Он присмотрелся к незнакомцу повнимательнее и решил, что где-то уже видел его когда-то. Видел его широкую, мощную спину, крепкий затылок под шапкой-ушанкой и особенно эту виртуозную, артистическую греблю. Но с полубака послышались удары рынды, якорь лег на грунт, и пришлось прервать наблюдения.

— Сходи отметь в журнале время постановки на якорь. — сказал он Лагутину.

Шлюпка уже подошла к судну, скрылась под бортом так, что с мостика ее не стало видно, и старпом направился вниз встречать гостя. По дороге, у самого трапа, Лагутин перехватил его и молча протянул руку. Лицо у штурмана в эту минуту опять было по-мальчишечьи удивленное и одновременно очень довольное.

— Ты что? — спросил Алексей, отвечая на рукопожатие.

— Читал! — рассмеялся Семен. — Понимаешь, — здорово! Ух, и завертится же, когда сам увидит, что ты написал там!

Маркевич ответил лишь улыбкой и, пока спускался на ботдек, все время чувствовал на себе и одобряющий, и уважительный взгляд второго помощника. А когда сошел на спардек, сразу увидел Егора Матвеевича Закимовского, в обнимку с каким-то бородачом шагающего к нему навстречу.

— Леш… — начал Золотце, но тотчас поправился: — Алексей Александрович, смотри, кто к нам в гости!

Бородач высвободился из-под его руки, сдернул с седой головы мохнатую пыжиковую шапку и, по-старомодному торжественно поклонившись старшему помощнику, прогудел густым, хриплым басом:

— Здравствуйте вам. С благополучным прибытием, значит…

— Петрович?!

— Здравствуй, Олеша. Здравствуй, сынок… — и старый боцман Котлов широко распахнул свои медвежьи объятия.

* * *

Двое суток простоял «Коммунар» в затишке за мысом Русский Заворот, пережидая пока утихнет шторм, и все это время Василий Петрович Котлов провел на судне, а точнее — в каюте старшего штурмана Маркевича. Отстояв вахту, сюда же приходили старший машинист Закимовский, и только ночь на несколько часов прерывала их бесконечные разговоры. Стиралось представление о времени. Не все ли равно темная ночь сейчас мили день, стылый ли зимний ветер стонет за круглыми стеклами иллюминатора или широколистые тропические пальмы дремотно нашептывают на недалеком таинственном берегу? Всем троим начинало казаться, что вовсе не на «Коммунаре» они, не в трудные дни войны отстаиваются у берегов заброшенного далеко на север острова Колгуев, а опять, как и десять с лишним лет назад, на борту «Володарского», где служит молоденький матрос Алешка Маркевич, «бог палубы» боцман Котлов и задиристый, занозистый машинист Золотце-Закимовский.

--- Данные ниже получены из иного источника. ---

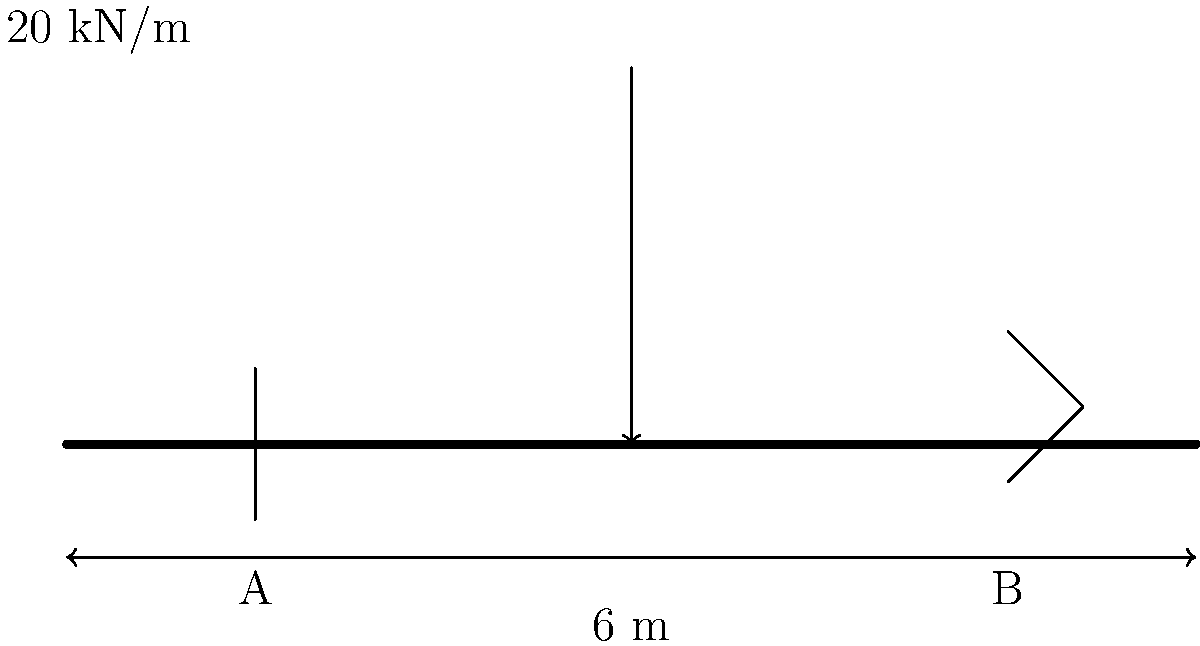As a full-stack developer integrating structural analysis into your software, you need to calculate the shear force distribution in a reinforced concrete beam. Consider a simply supported beam with a span of 6 m, subjected to a uniformly distributed load of 20 kN/m along its entire length. Determine the maximum shear force in the beam. To calculate the maximum shear force, we'll follow these steps:

1. Calculate the total load on the beam:
   $$ W = w \times L = 20 \text{ kN/m} \times 6 \text{ m} = 120 \text{ kN} $$

2. For a simply supported beam with a uniformly distributed load, the maximum shear force occurs at the supports and is equal to half of the total load:
   $$ V_{max} = \frac{W}{2} = \frac{120 \text{ kN}}{2} = 60 \text{ kN} $$

3. The shear force diagram for this beam would be linear, starting at +60 kN at the left support (A), decreasing to 0 at the midspan, and then increasing to -60 kN at the right support (B).

4. The shear force at any point x along the beam can be calculated using:
   $$ V(x) = \frac{wL}{2} - wx $$
   where w is the uniformly distributed load, L is the span length, and x is the distance from the left support.

5. To verify, we can check the shear force at midspan (x = 3 m):
   $$ V(3) = \frac{20 \times 6}{2} - 20 \times 3 = 60 - 60 = 0 \text{ kN} $$

Therefore, the maximum shear force in the beam is 60 kN, occurring at both supports.
Answer: 60 kN

И только глубокие, горькие складки на щеках, возле рта, у Маркевича, иссеченное морщинами лицо Закимовского да седая, как снег, голова Петровича напоминали о минувших годах, которые — не вернуть…

Постарел Василий Петрович, огрузнел, по-стариковски обмяк, хотя и чувствовались во всей фигуре его остатки былой боцманской силы и хватки. Да и то сказать, — время: восьмой десяток. А ведь как, бывало, подхватывал он на «Володарском» на могучие свои плечи десятипудовые кули с солью, как легко, словно играючи, шевелил тяжеленны и громоздкие ящики с генеральными грузами на погрузках и выгрузках. И ругался как виртуозно, если кто-нибудь из матросов пытался отлынивать от работы, «сачковать»! Драил боцман и молоденького матроса Алешку Маркевича, гонял в хвост и в гриву так, что иной раз небо казалось с овчинку. И любовь свою к морю, и верность морю передал парню на всю жизнь. Потому и глядит теперь на старпома с нескрываемой гордостью, то и дело обдавая его теплом своих глаз, и зовет не как встарь, не Олешей, не по имени-отчеству, как положено звать на судах, а любовно и ласково: сынок.